Seven adult patients having negative A-B difference and overbite in the pretreatment stage and more than 5 mm mandibular setback differences between right and left side were selected for this study. The subjects were divided into the following two groups; 3 subjects who underwent mandibular setback osteotomy with the sagittal split technique (one-jaw group) and 4 subjects who underwent mandibular setback osteotomy with the sagittal split technique and Le Fort I osteotomy (two-jaw group). The lateral and frontal cephalograms taken at three stages; pretreatment, posttreatment, and under retention (more than one year after posttreatment) were used for quantitative evaluation of dentofacial changes.
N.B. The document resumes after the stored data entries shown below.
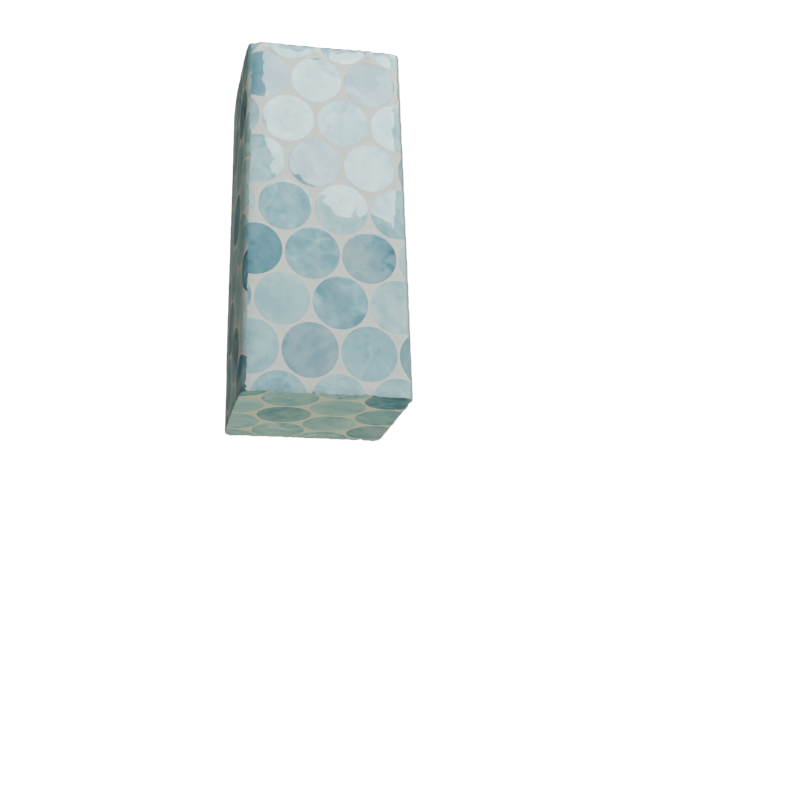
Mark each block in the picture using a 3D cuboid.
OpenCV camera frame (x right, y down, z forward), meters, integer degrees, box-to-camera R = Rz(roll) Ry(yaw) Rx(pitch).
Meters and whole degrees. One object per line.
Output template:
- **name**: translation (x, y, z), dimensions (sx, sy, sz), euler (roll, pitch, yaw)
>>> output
- **block**: translation (-0.050, -0.091, 0.633), dimensions (0.089, 0.217, 0.087), euler (3, -23, -11)

Changes in denture components, skeletal components, and anterior occlusion during the retention period were analyzed three-dimensionally, respectively. The results were as follows:
1. As for the anteroposterior dimension, there were some relapse in the skeletal components in both groups, and the amount of relapse in the one-jaw group was larger than in the two-jaw group. However, the overjet was stable because of compensatory changes in the denture componentssuch as labial tipping of the upper incisors and lingual tipping of the lower incisors.
2. As for the vertical dimension, the overbite in both groups decreased because of relapse in the skeletal and denture components.
3. As for the transeverse dimension, there was a little relapse in the skeletal components in both groups. However, the midline of anterior teeth was stable because of compensatory changes of the lower incisors. These results suggested that it is important to maintain long-term stability of the anterior occlusion in the vertical dimension in patients with three-dimensional dentofacial deformity.